Chapter 10 focuses on optimizing the compute and availability of your data workloads running on Azure. Remember that when you provisioned the nodes that will run the batch job, you selected the VM size on which the job will run. You also selected how many nodes you wanted and the number of vCPUs. With some configuration, you can create an autoscale formula that increases the number of nodes when required and decreases them when not. This saves you money by only using the compute resources required. You can use attributes like CPU percentage and utilized memory, as well as the number of running tasks and inbound network traffic, to determine scale up or scale down logic. In addition to scaling Azure Batch nodes, you can also scale both SQL and Spark pools in Azure Synapse Analytics automatically. Again, there is more to come about this in Chapter 10.
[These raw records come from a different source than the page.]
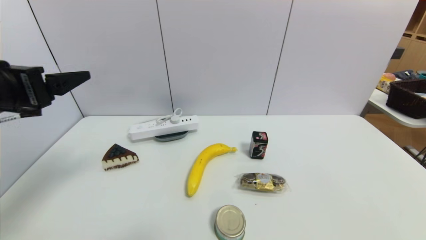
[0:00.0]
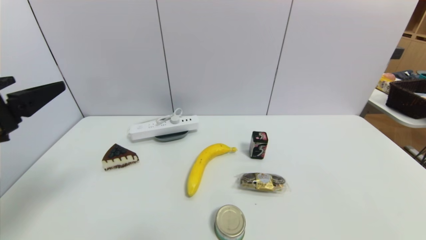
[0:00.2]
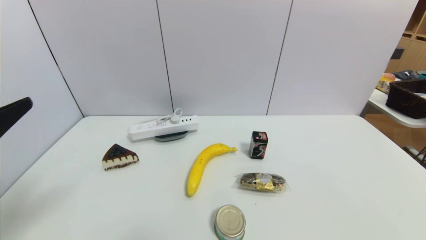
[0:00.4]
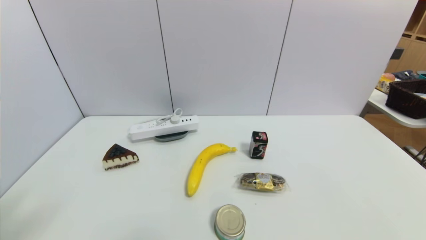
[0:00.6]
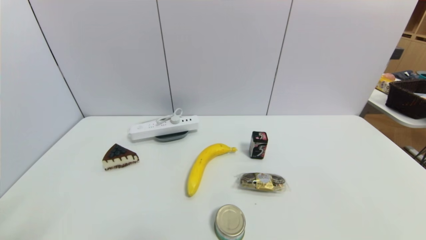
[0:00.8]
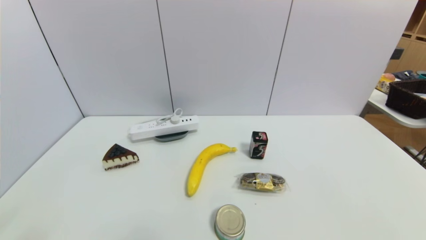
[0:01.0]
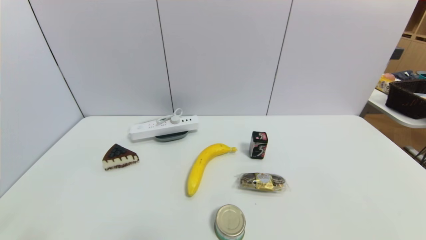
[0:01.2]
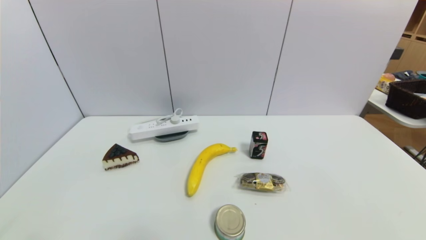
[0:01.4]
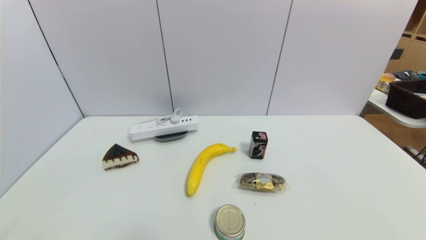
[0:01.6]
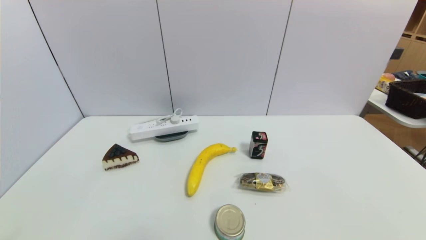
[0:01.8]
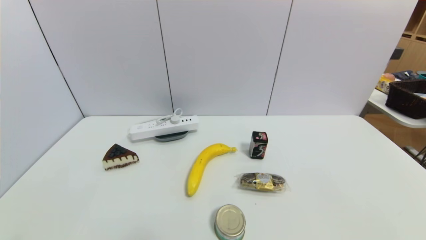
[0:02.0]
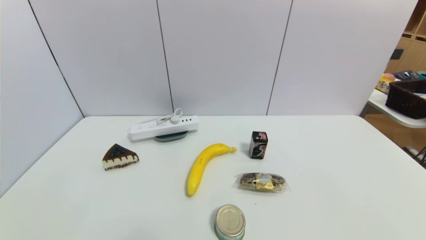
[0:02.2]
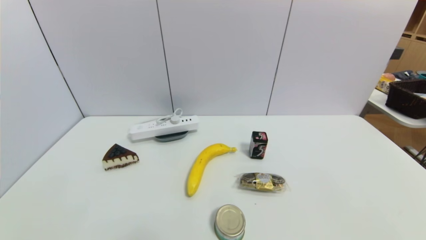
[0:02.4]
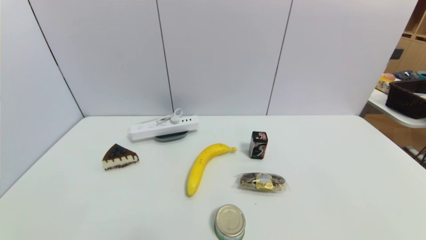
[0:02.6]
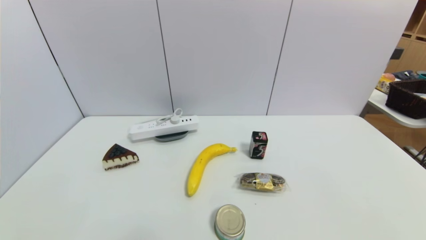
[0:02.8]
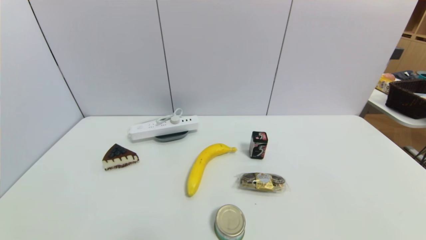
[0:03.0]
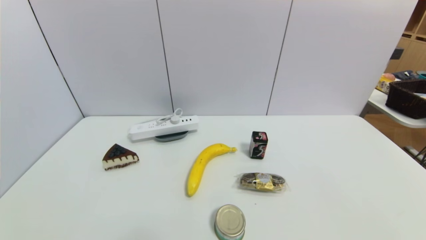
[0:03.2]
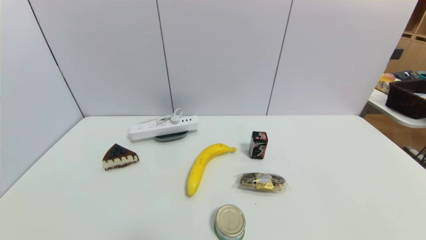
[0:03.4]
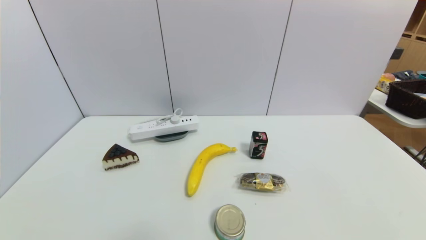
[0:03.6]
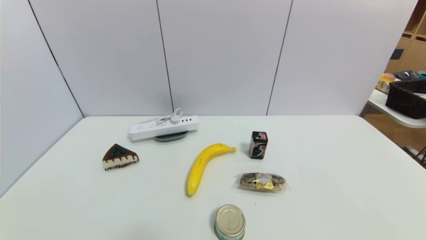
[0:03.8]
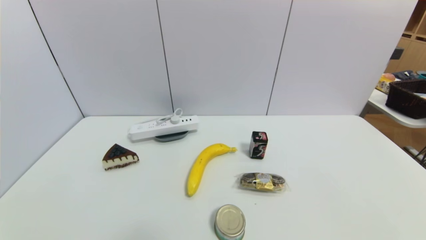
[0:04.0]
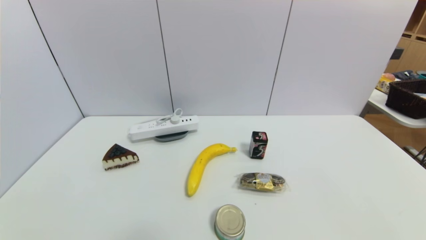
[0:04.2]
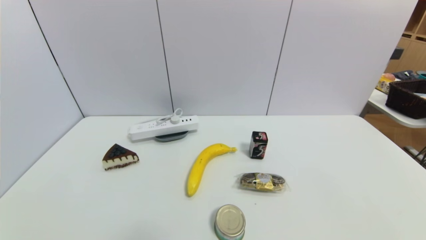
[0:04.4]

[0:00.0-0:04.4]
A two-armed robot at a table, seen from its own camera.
Task of the whole recording: use a gripper to pick the target object and place on the dish.
0:00.0 to 0:01.4: The left gripper goes roughly 20 cm backward and downward.
0:03.0 to 0:04.4: Both grippers stay put.

Design and Configure Exception Handling
You can handle exceptions in source code like Python, Java, Scala, or C# by including your code within try{…} catch{…} blocks. When something unexpected happens in your code, the catch portion of your code is written specifically to handle that exception. You can decide to either retry the transaction or stop the code path execution completely. There is the same concept in T‐SQL commands that can handle and respond to exceptions. Keep in mind that if you do not place your code within these code blocks, the exception is considered unhandled and can crash the process and place the operating system or container into a bad state from which it cannot recover. This is known as a hung server and can result in schedules failing until the server is identified as being unhealthy, which results in a reboot, failover, or reconfiguration. From a pipeline perspective you have learned about linking pipeline activities (refer to Figure 6.20 and Figure 6.28). That you can link activities based on failure enables you to handle the fact that something unexpectedly went wrong. You may want to stop further activities from running if a failure is reached. Or, in some cases, the failure is expected, and the activity that runs due to the failure contains the logic to correct it. Chapter 9 and Chapter 10 include most of the details and Exercises about these topics.
Debug Spark Jobs Using the Spark UI
As you saw in Figure 6.42 and experienced in Exercise 6.8, there are some very nice features for managing and viewing the status of Spark jobs. There are also techniques for debugging and troubleshooting them. The details of these features are discussed in Chapter 10. There is also some related content later in this chapter, in the section “Manage Spark Jobs in a Pipeline.”